The following steps are followed for this project:

  • Select features of images using Histogram of Oriented Gradients (HOG) and also from color spaces.
  • The extracted features are then used for training Linear SVC. An Accuracy of 99.04% is obtained in classifying car images from non-car images.
  • For avoidance of over fitting of data, the training and test data is split randomly and also, the training data is shuffled. Also, for giving equal waitage for all features, the features were scaled.
  • Then, the selected region of test image is slided for finding car images using the trained SVC Classifier.
  • Then, the heat map is used for removing false positives from images. The final car detection is done used treshold over heat map of the previous step.
  • Then, the above pipeline is followed for each frame in project video file.

The output video is given by:

IMAGE ALT TEXT

Histogram of Oriented Gradients

Extracting HOG features

The extraction of HOG features is done using hog function of skimage library. The inputs which were fed are orientations per cell, pixels per cell and cells per block. These hog features were extracted for all vehicles and non-vehicle images for training SVC classifier.

The sample hog features image is given below:

The parameters for hog inputs were tuned for getting best accuracy in SVC classification. Finally, 11 orientations, 8 pixels per cell and 2 cells per block were selected. Color space of YCrCb is selected.

Train and Build Classifier using extracted features

Then, linear SVC is trained using features from vehicle and non-vehicle images supplied in the project and an accuracy of 99.04% is obtained. To avoid over-fitting, shuffling and random splitting of test data is done.

Sliding Window Search and Heat Map

Choice of window scales to search and how much to overlap windows?

The Method find_cars() from the lesson materials is used for detection of cars in entire image. This method extracts HOG features of all aimage and later splits according to the cell and block size. Then, also hog features and color space features were found out of each window and are resized to (64,64) for each window for classifier to predict.
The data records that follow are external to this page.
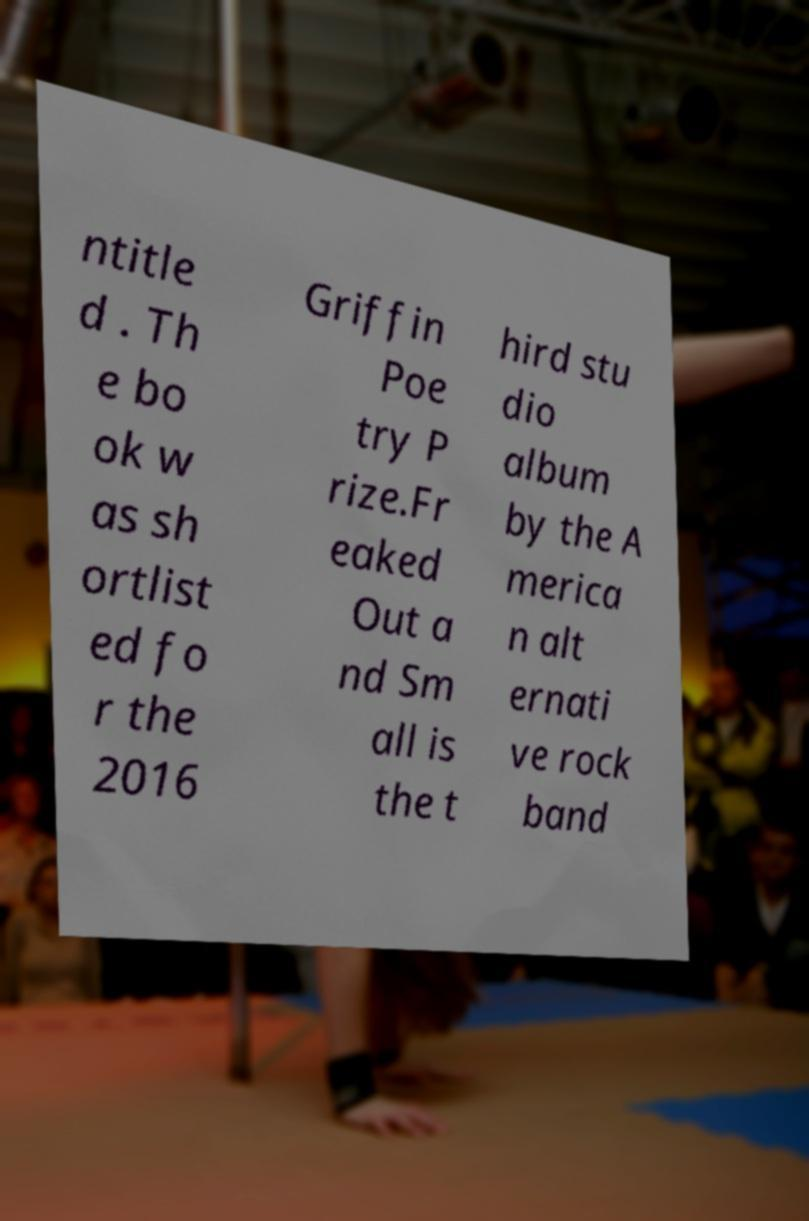Could you extract and type out the text from this image? ntitle d . Th e bo ok w as sh ortlist ed fo r the 2016 Griffin Poe try P rize.Fr eaked Out a nd Sm all is the t hird stu dio album by the A merica n alt ernati ve rock band 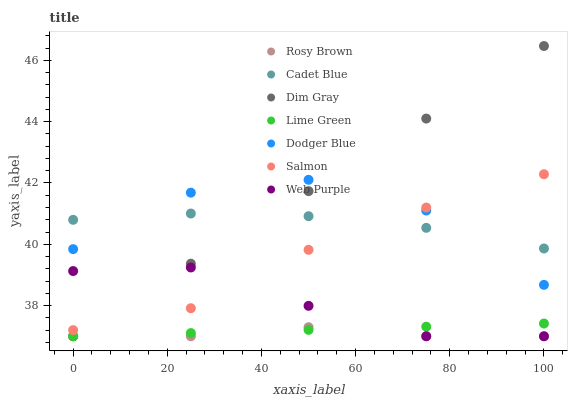Does Rosy Brown have the minimum area under the curve?
Answer yes or no. Yes. Does Dim Gray have the maximum area under the curve?
Answer yes or no. Yes. Does Salmon have the minimum area under the curve?
Answer yes or no. No. Does Salmon have the maximum area under the curve?
Answer yes or no. No. Is Lime Green the smoothest?
Answer yes or no. Yes. Is Dodger Blue the roughest?
Answer yes or no. Yes. Is Rosy Brown the smoothest?
Answer yes or no. No. Is Rosy Brown the roughest?
Answer yes or no. No. Does Rosy Brown have the lowest value?
Answer yes or no. Yes. Does Salmon have the lowest value?
Answer yes or no. No. Does Dim Gray have the highest value?
Answer yes or no. Yes. Does Salmon have the highest value?
Answer yes or no. No. Is Rosy Brown less than Dodger Blue?
Answer yes or no. Yes. Is Cadet Blue greater than Rosy Brown?
Answer yes or no. Yes. Does Dim Gray intersect Rosy Brown?
Answer yes or no. Yes. Is Dim Gray less than Rosy Brown?
Answer yes or no. No. Is Dim Gray greater than Rosy Brown?
Answer yes or no. No. Does Rosy Brown intersect Dodger Blue?
Answer yes or no. No. 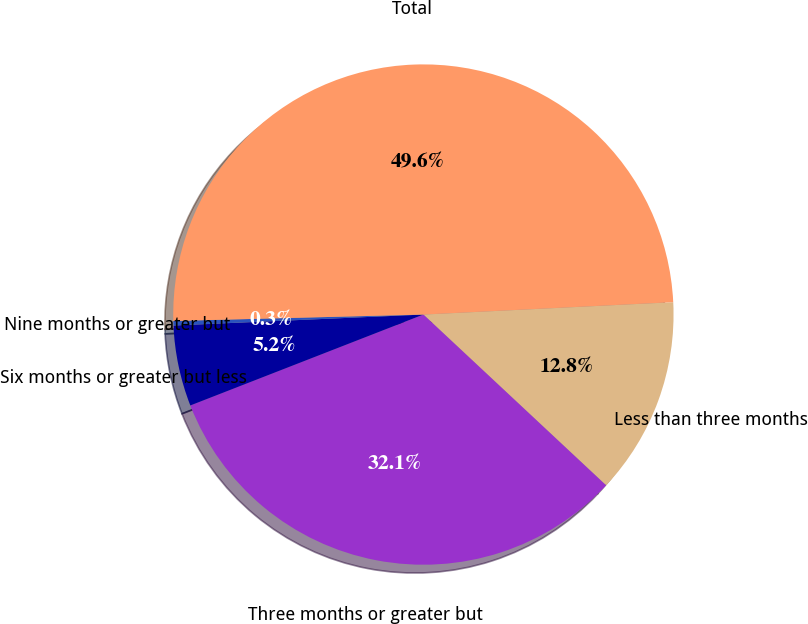Convert chart. <chart><loc_0><loc_0><loc_500><loc_500><pie_chart><fcel>Less than three months<fcel>Three months or greater but<fcel>Six months or greater but less<fcel>Nine months or greater but<fcel>Total<nl><fcel>12.75%<fcel>32.12%<fcel>5.22%<fcel>0.29%<fcel>49.62%<nl></chart>

The output is given below:

Then, the detected car blocks were added heat based on number of times it was overlapped. add_heat function is used for this purpose and it increases pixel value by 1 for every detection.

The output is given below:

Then, threshold is applied to the heatmap such that all images less than that value will be set to zero.

Based on the heatmap and threshold, final car detection boundary is set.

The final detection boundary is given below:

The final detection boundary performs reasonably well with no false positives in the test images.

Discussion

The project was challenging and interesting. It was good to learn about sliding window search, hog feature extraction and classifying images based on features. Interesting observed is even though classifier gives an accuracy over 99.5% doesnt guarantee lack of false positives. Data for training need to be more exhaustive for goodness of fit.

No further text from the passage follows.